Par acte sous seing privé en date du 23 mai 2023, Monsieur [X] [P] et Madame [T] [P], représentés par leur mandataire, ont donné à bail à usage d'habitation à Monsieur [G] [M] un appartement situé 1, rue de BOISVILLE, Log n°18 – 28 300 MAINVILLIERS, pour un loyer mensuel d'un montant initial de 725,00 €, outre 30,00 € au titre des charges.
Des loyers étant demeurés impayés, Monsieur et Madame [P] ont fait signifier à Monsieur [G] [M], le 29 juillet 2024, un commandement de payer la somme de 2.330,41 euros, et ce dans un délai de deux mois, à défaut de quoi ils entendaient se prévaloir de l’acquisition de la clause résolutoire insérée au bail.
La Commission de Coordination des Actions de Prévention des Expulsions locatives a été informée de la situation de Monsieur [G] [M] le 29 juillet 2024.
Par acte de commissaire de justice en date du 03 décembre 2024 signifié à étude, Monsieur [X] [P] et Madame [T] [P] ont fait assigner Monsieur [G] [M] devant le juge des contentieux de la protection du Tribunal judiciaire de CHARTRES, statuant en référés, aux fins de voir, sur le fondement de l’article 24 de la loi du 06 juillet 1989 modifiée par la loi n°2014-366 du 24 mars 2014, ordonner : La résiliation du bail par application de la clause résolutoire conventionnellement insérée dans le bail pour défaut de paiement des loyers ;L’expulsion de Monsieur [G] [M] et de tous occupants de son chef, au besoin avec l’assistance de la force publique et l’assistance d’un serrurier ;La condamnation par provision de Monsieur [G] [M] au paiement de la somme de 5.533,89 euros, correspondant aux loyers et charges impayés, quittance du mois de novembre 2024 inclus, avec intérêts au taux légal à compter du commandement de payer en date du 27 juillet 2024 ;La condamnation par provision de Monsieur [G] [M] au paiement d’une indemnité d’occupation au moins égale au montant du loyer et charges en cours jusqu’à son départ effectif des lieux, soit la somme de 800,87 euros ;La condamnation de Monsieur [G] [M] au paiement des dépens ;La condamnation de Monsieur [G] [M] au paiement de la somme de 500 euros sur le fondement de l’article 700 du code de procédure civile. L’affaire a été appelée à l’audience du 04 mars 2025.

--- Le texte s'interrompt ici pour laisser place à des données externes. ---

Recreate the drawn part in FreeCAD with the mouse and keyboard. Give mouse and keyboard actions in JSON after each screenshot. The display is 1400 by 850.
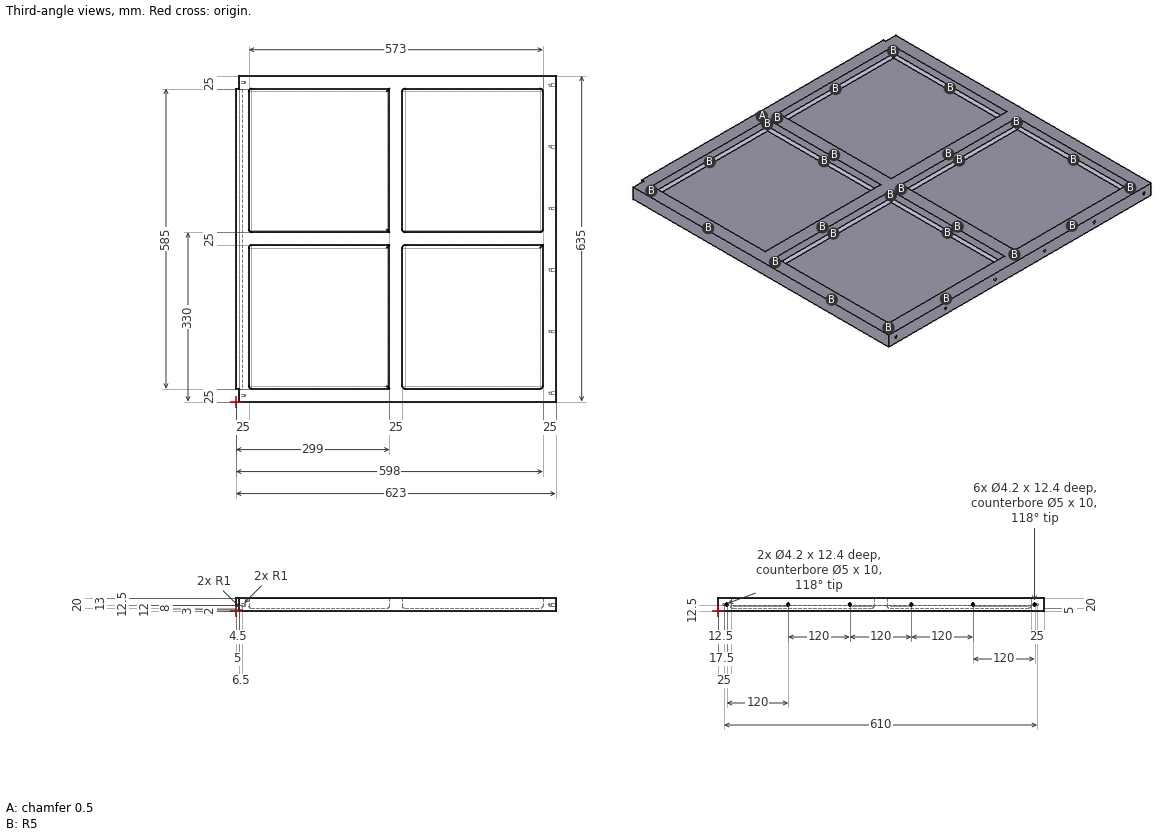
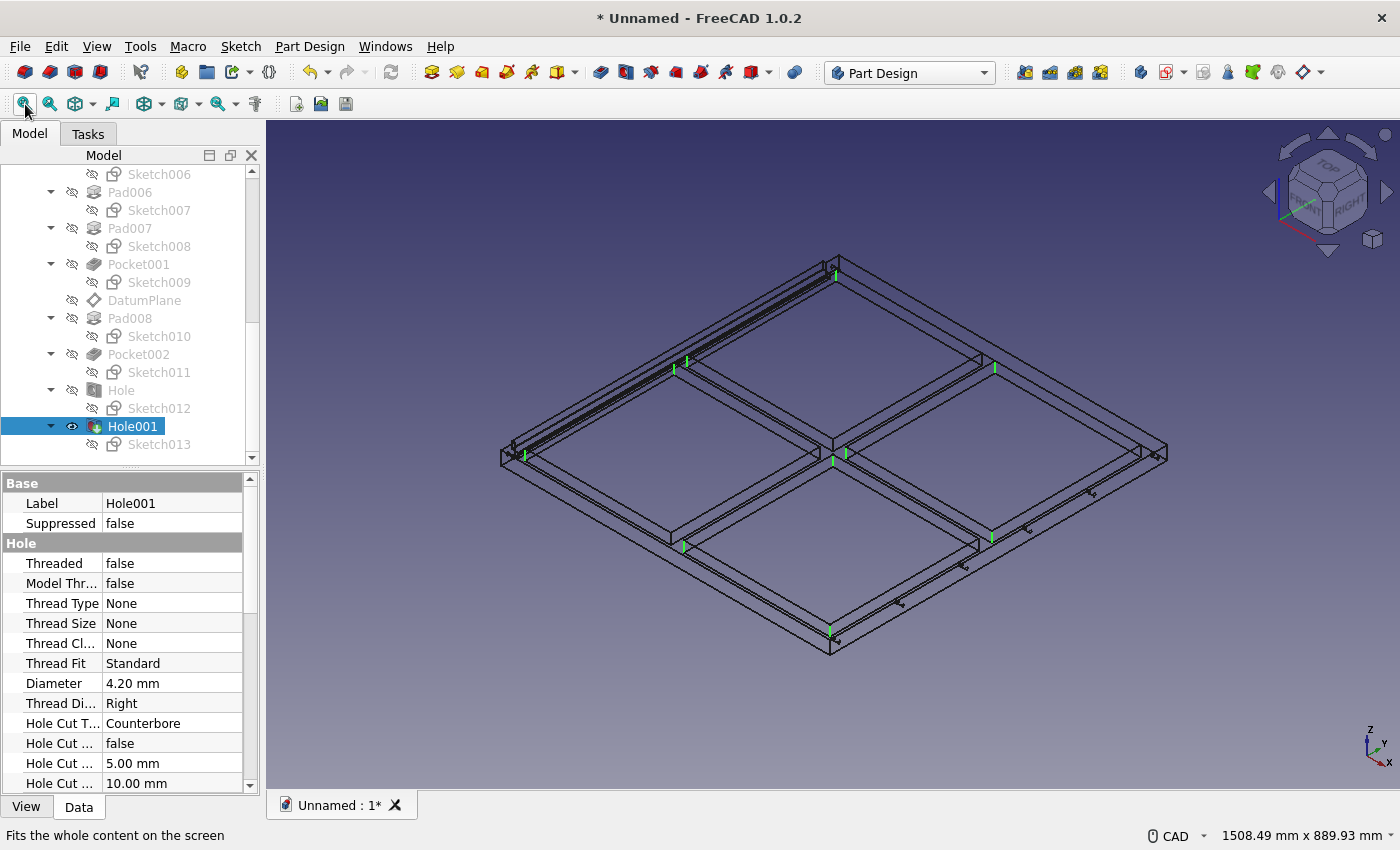
{"action": "key", "text": "2"}

A l’audience, Monsieur [X] [P] et Madame [T] [P], représentés par leur avocat, sollicitent du tribunal le bénéfice de leur acte introductif d’instance, en actualisant leur demande principale en paiement à la somme de 6.920,40 euros, échéance du mois de mars 2025 incluse. Ils indiquent être retraités et être opposés à des délais, en ce que le loyer qu’ils perçoivent pour la location de leur bien immobilier constitue pour eux un complément de revenus nécessaire.

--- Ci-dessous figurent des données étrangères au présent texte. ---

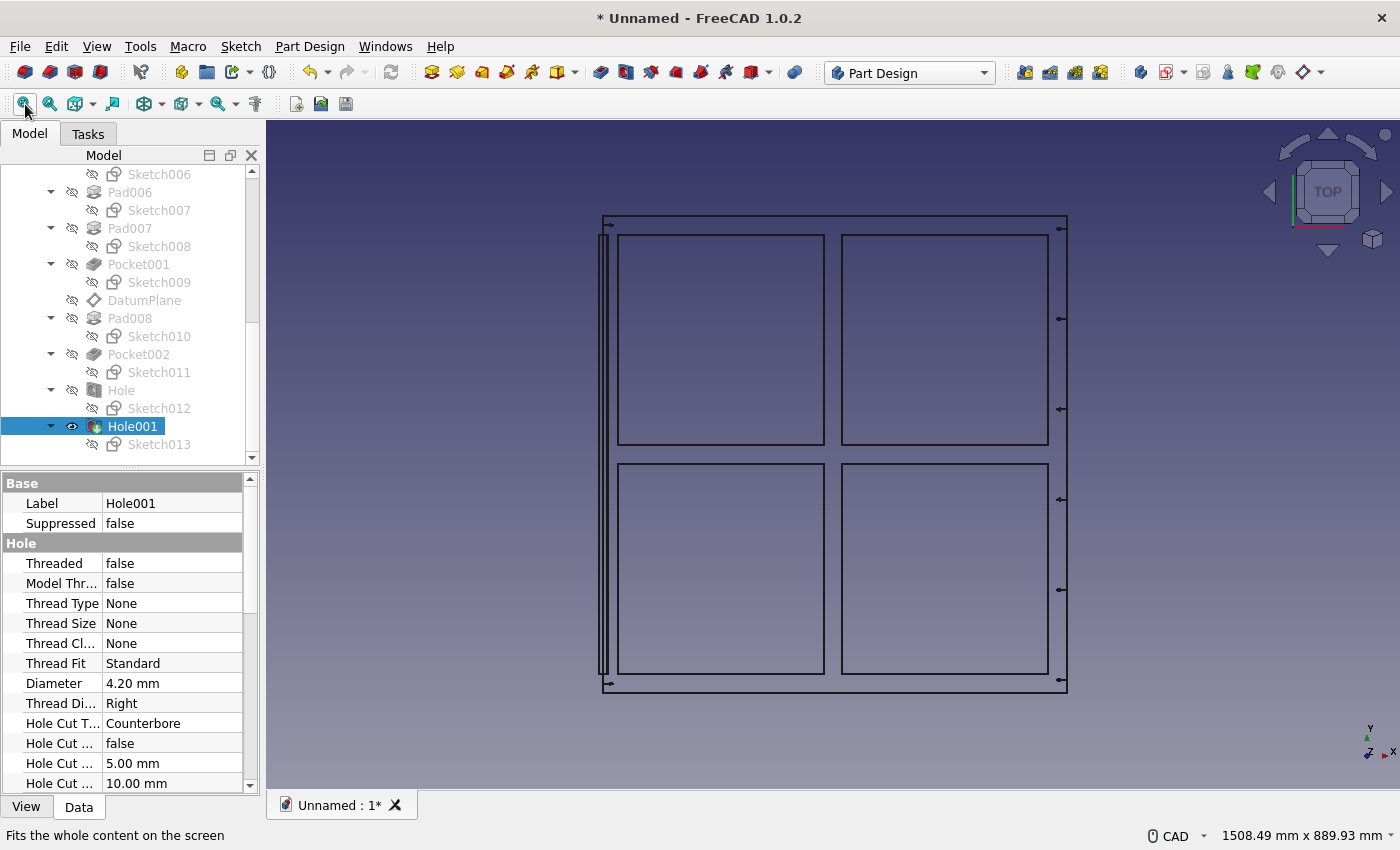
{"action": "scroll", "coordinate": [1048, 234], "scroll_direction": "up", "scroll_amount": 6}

En défense, Monsieur [G] [M], qui comparait personnellement, sollicite du tribunal des délais afin de pouvoir solder sa dette locative.

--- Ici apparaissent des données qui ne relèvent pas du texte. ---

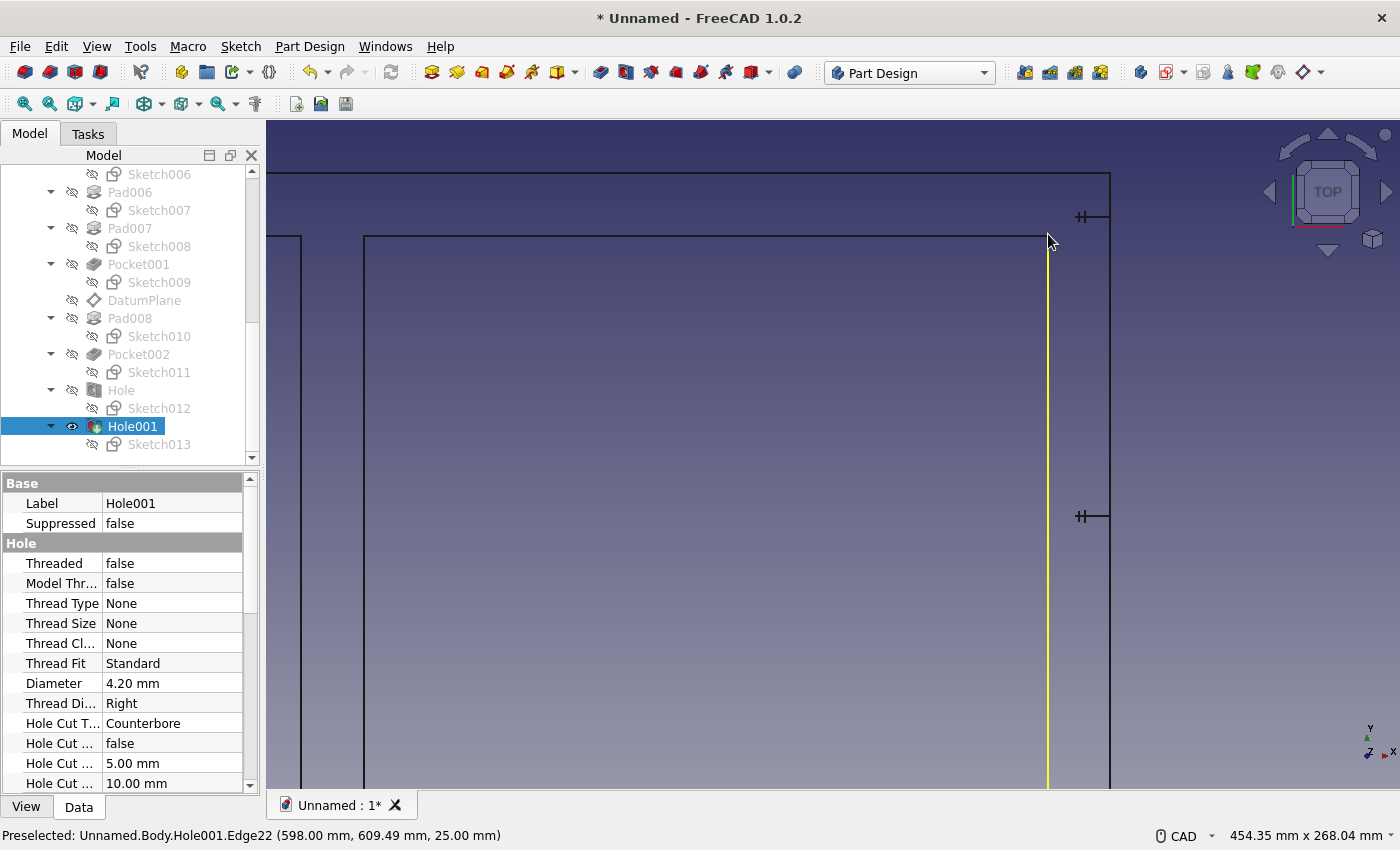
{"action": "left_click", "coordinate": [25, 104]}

Au soutien de sa demande, il indique avoir retrouvé un emploi depuis le mois de décembre 2024 et avoir repris le paiement du loyer au mois de janvier 2025. Il précise percevoir 1.600 euros par mois. Il ne conteste pas le montant de la dette locative et propose de verser 200 euros par mois en sus du loyer courant afin d’apurer cette dette.